Directions for this task:
From the records below, copy out each line that has the word "ActiviteServiceIntegrationTest".

------------------------------------------------------------

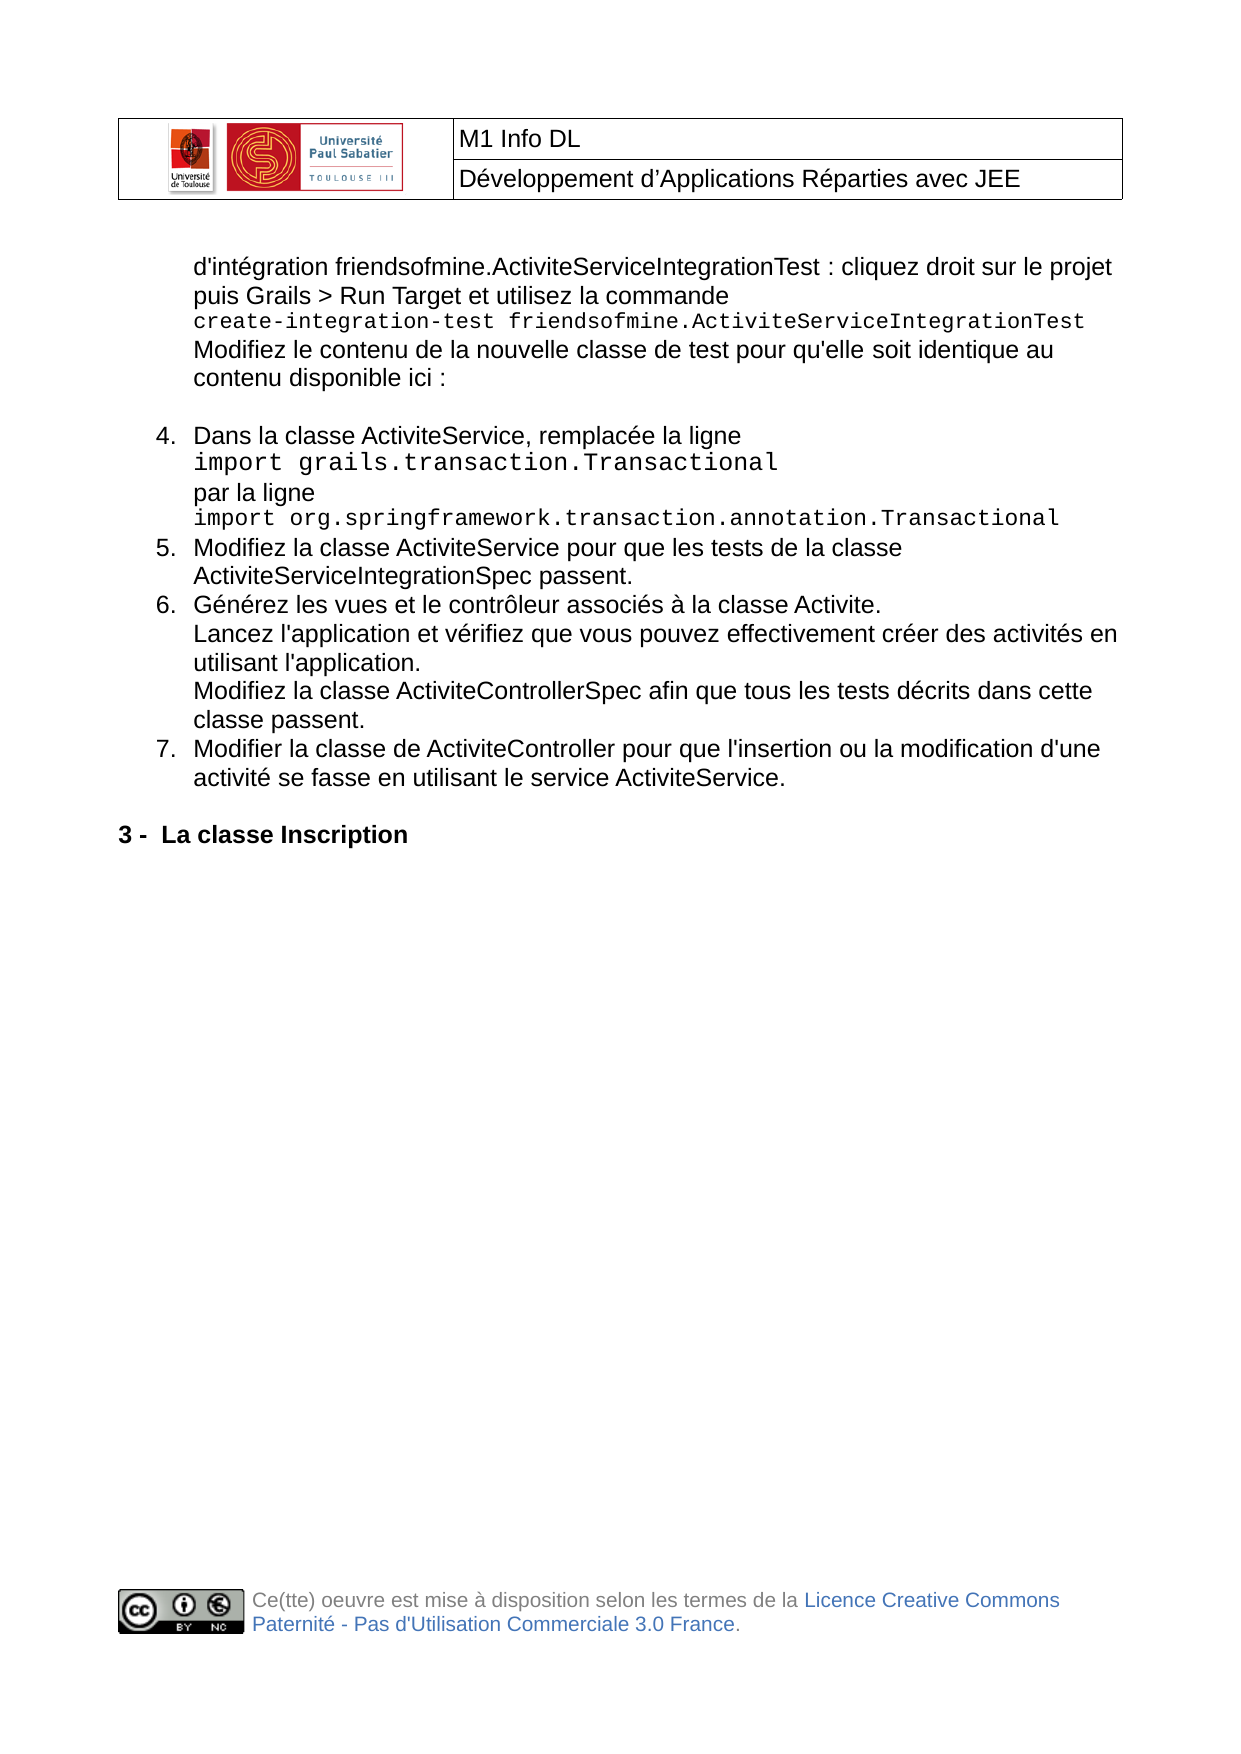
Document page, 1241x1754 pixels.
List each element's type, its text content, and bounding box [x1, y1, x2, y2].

list Modifiez le contenu de la nouvelle classe de test pour qu'elle soit identique au contenu disponible ici : [156, 334, 1122, 392]
picture [164, 123, 407, 195]
text 3 - La classe Inscription [118, 820, 1122, 849]
picture [118, 1589, 245, 1634]
list Modifiez la classe ActiviteService pour que les tests de la classe ActiviteServiceIntegrationSpec passent. [156, 533, 1122, 590]
list Générez les vues et le contrôleur associés à la classe Activite. Lancez l'application et vérifiez que vous pouvez effectivement créer des activités en utilisant l'application. [156, 590, 1122, 676]
list Dans la classe ActiviteService, remplacée la ligne [156, 421, 1122, 449]
list par la ligne [156, 478, 1122, 507]
list Modifier la classe de ActiviteController pour que l'insertion ou la modification d'une activité se fasse en utilisant le service ActiviteService. [156, 734, 1122, 791]
list Modifiez la classe ActiviteControllerSpec afin que tous les tests décrits dans cette classe passent. [156, 676, 1122, 734]
list import grails.transaction.Transactional [156, 449, 1122, 478]
list d'intégration friendsofmine.ActiviteServiceIntegrationTest : cliquez droit sur le projet puis Grails > Run Target et utilisez la commande [156, 252, 1122, 310]
list create-integration-test friendsofmine.ActiviteServiceIntegrationTest [156, 310, 1122, 334]
list import org.springframework.transaction.annotation.Transactional [156, 507, 1122, 533]
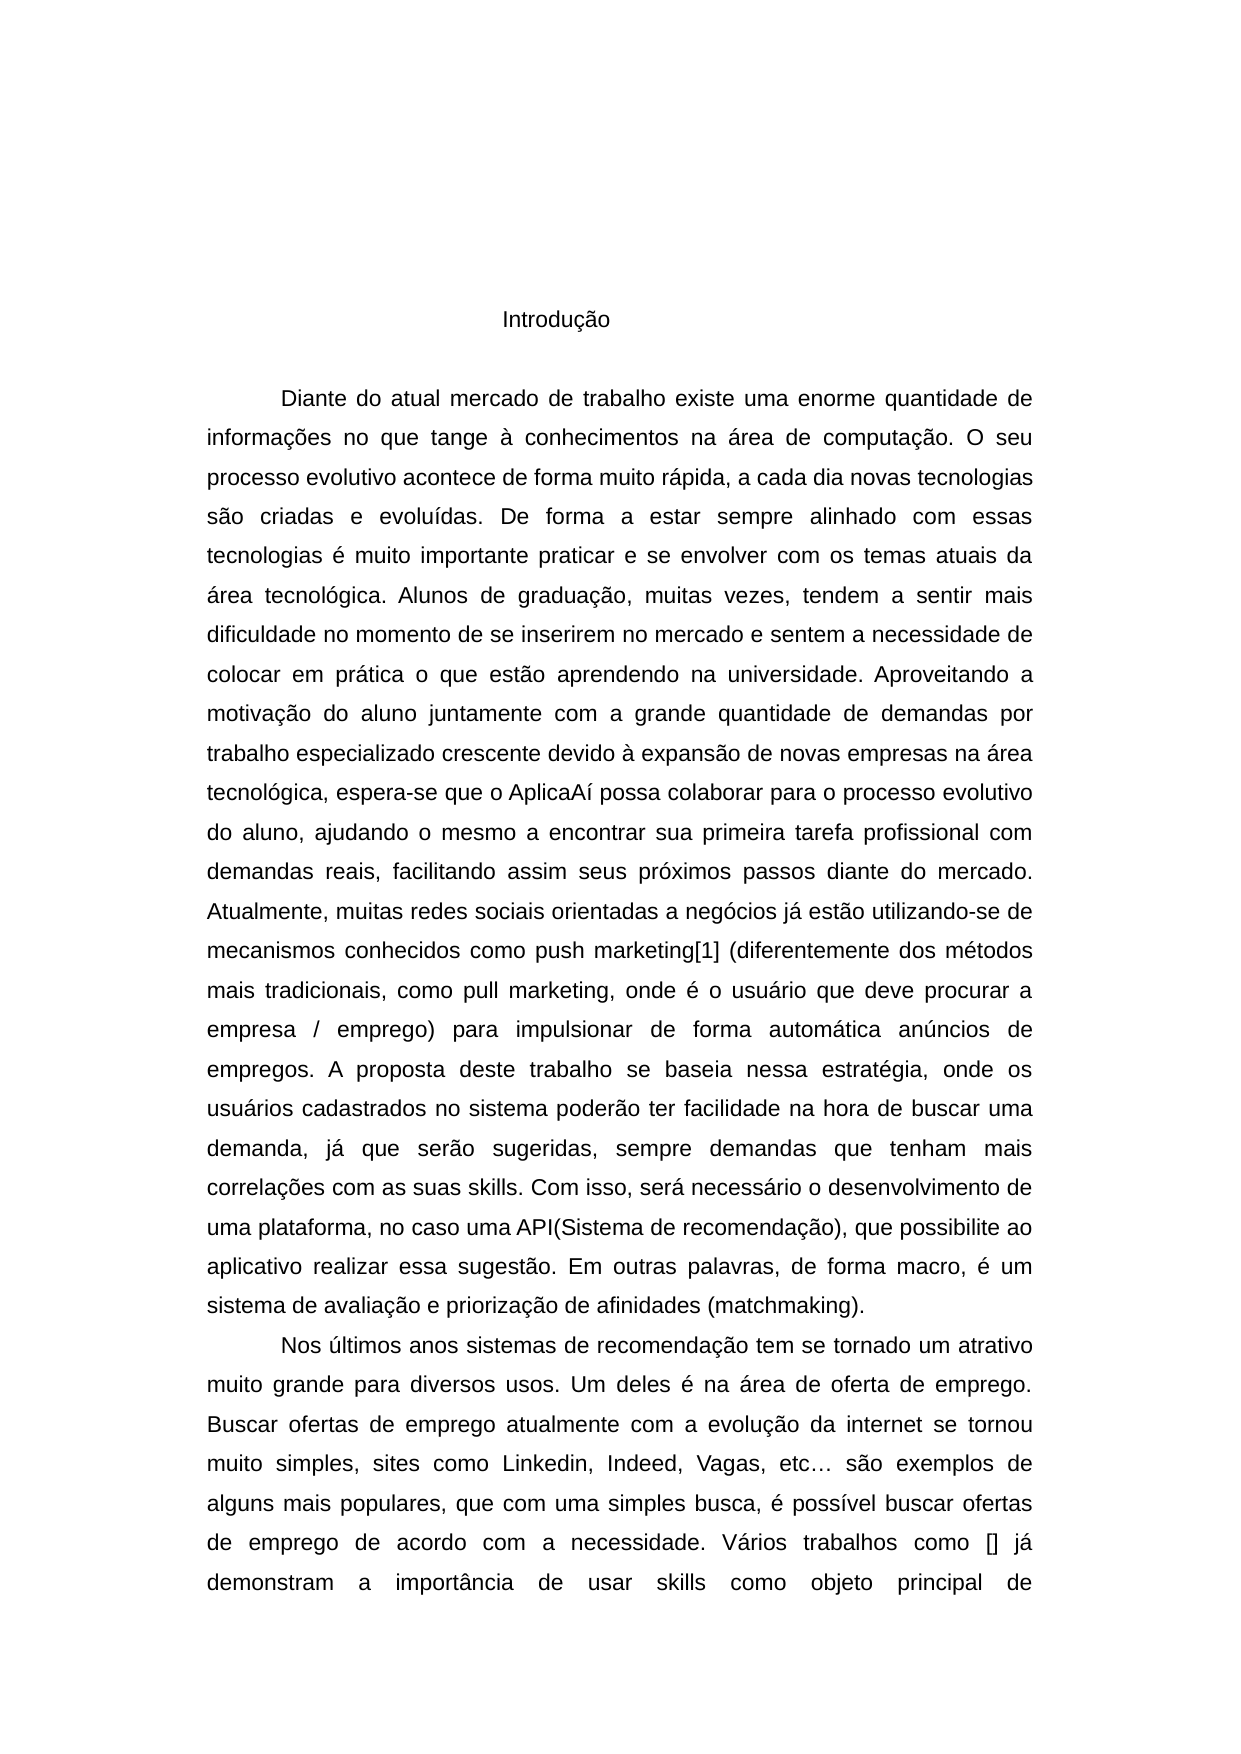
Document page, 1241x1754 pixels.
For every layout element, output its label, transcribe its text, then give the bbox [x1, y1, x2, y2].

text Introdução [207, 306, 1033, 332]
text Nos últimos anos sistemas de recomendação tem se tornado um atrativo muito grande para diversos usos. Um deles é na área de oferta de emprego. Buscar ofertas de emprego atualmente com a evolução da internet se tornou muito simples, sites como Linkedin, Indeed, Vagas, etc… são exemplos de alguns mais populares, que com uma simples busca, é possível buscar ofertas de emprego de acordo com a necessidade. Vários trabalhos como [] já demonstram a importância de usar skills como objeto principal de [207, 1332, 1033, 1595]
text Diante do atual mercado de trabalho existe uma enorme quantidade de informações no que tange à conhecimentos na área de computação. O seu processo evolutivo acontece de forma muito rápida, a cada dia novas tecnologias são criadas e evoluídas. De forma a estar sempre alinhado com essas tecnologias é muito importante praticar e se envolver com os temas atuais da área tecnológica. Alunos de graduação, muitas vezes, tendem a sentir mais dificuldade no momento de se inserirem no mercado e sentem a necessidade de colocar em prática o que estão aprendendo na universidade. Aproveitando a motivação do aluno juntamente com a grande quantidade de demandas por trabalho especializado crescente devido à expansão de novas empresas na área tecnológica, espera-se que o AplicaAí possa colaborar para o processo evolutivo do aluno, ajudando o mesmo a encontrar sua primeira tarefa profissional com demandas reais, facilitando assim seus próximos passos diante do mercado. Atualmente, muitas redes sociais orientadas a negócios já estão utilizando-se de mecanismos conhecidos como push marketing[1] (diferentemente dos métodos mais tradicionais, como pull marketing, onde é o usuário que deve procurar a empresa / emprego) para impulsionar de forma automática anúncios de empregos. A proposta deste trabalho se baseia nessa estratégia, onde os usuários cadastrados no sistema poderão ter facilidade na hora de buscar uma demanda, já que serão sugeridas, sempre demandas que tenham mais correlações com as suas skills. Com isso, será necessário o desenvolvimento de uma plataforma, no caso uma API(Sistema de recomendação), que possibilite ao aplicativo realizar essa sugestão. Em outras palavras, de forma macro, é um sistema de avaliação e priorização de afinidades (matchmaking). [207, 384, 1033, 1319]
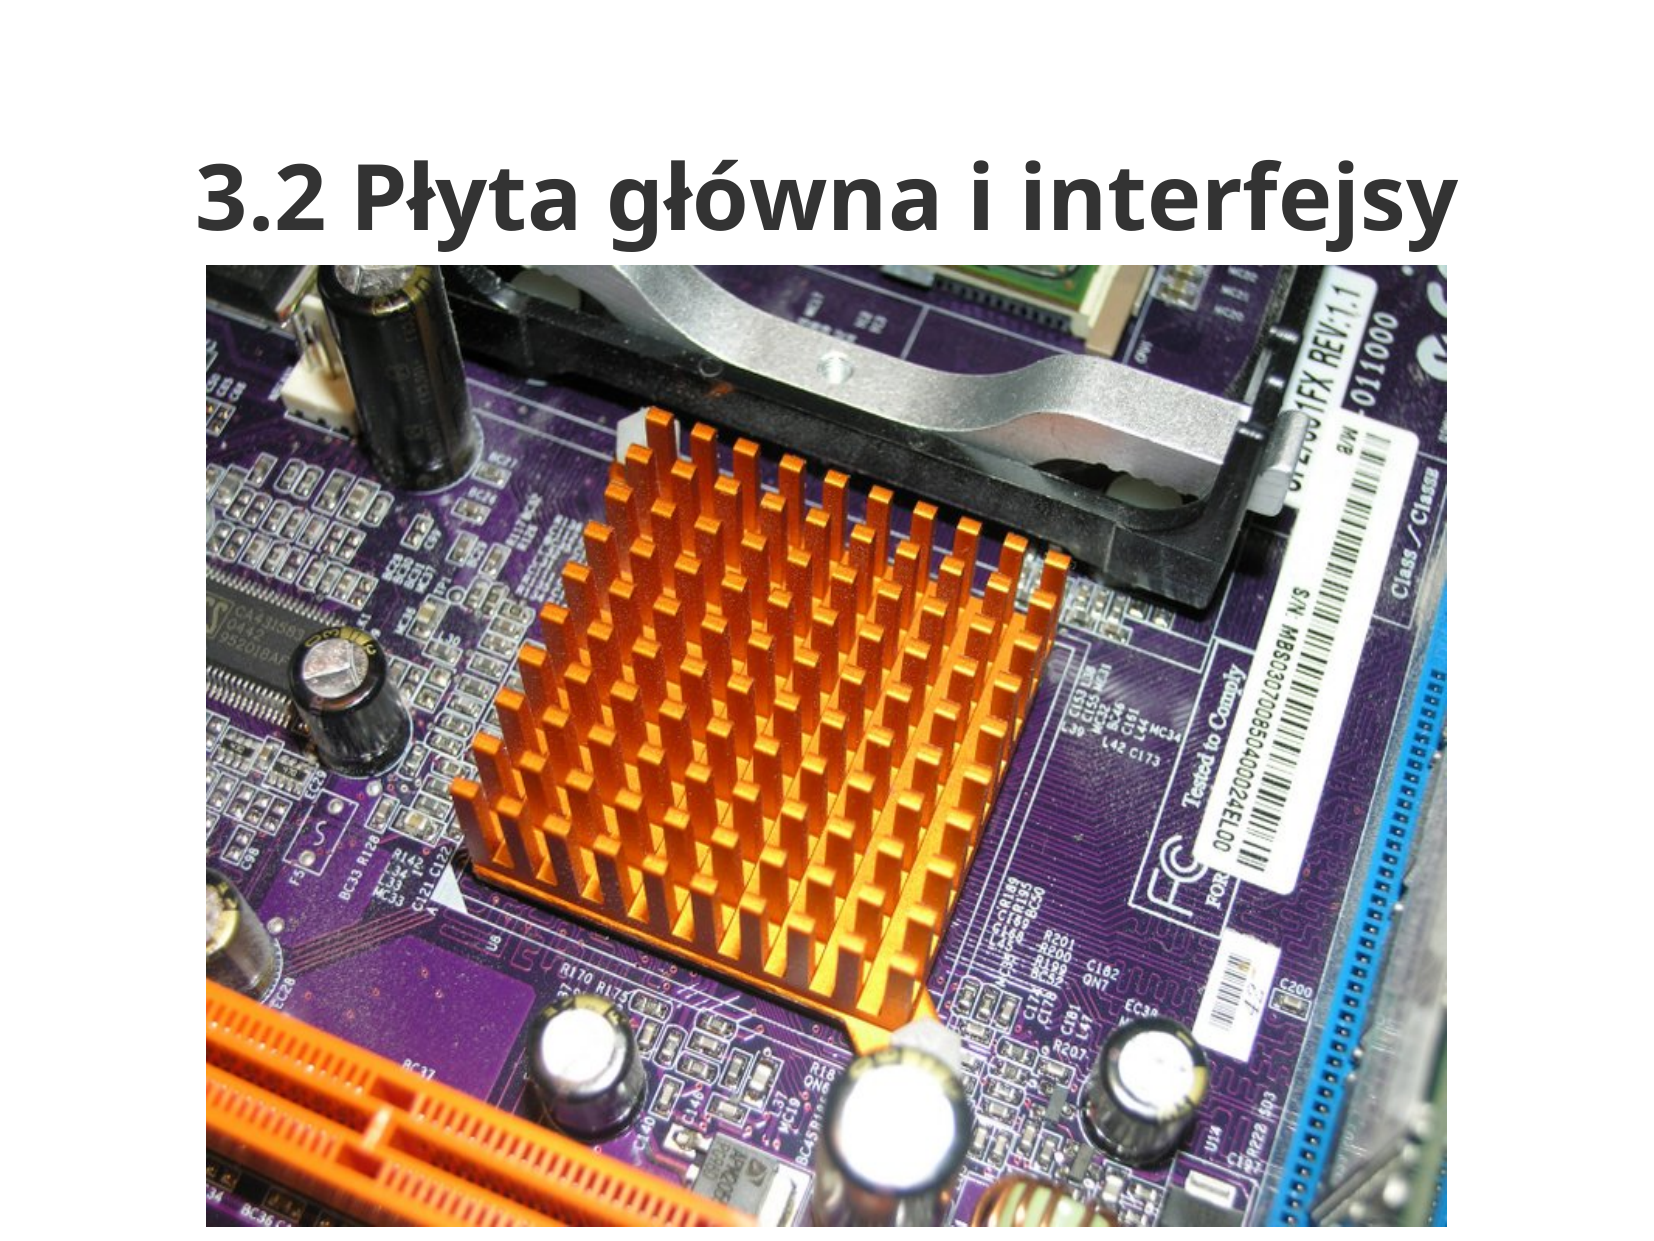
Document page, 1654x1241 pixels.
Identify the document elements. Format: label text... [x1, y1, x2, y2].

picture [206, 265, 1447, 1228]
title 3.2 Płyta główna i interfejsy [121, 91, 1534, 299]

------------------------------------------------------------

Result for this task:
list d'intégration friendsofmine.ActiviteServiceIntegrationTest : cliquez droit sur le projet puis Grails > Run Target et utilisez la commande [156, 252, 1122, 310]
list create-integration-test friendsofmine.ActiviteServiceIntegrationTest [156, 310, 1122, 334]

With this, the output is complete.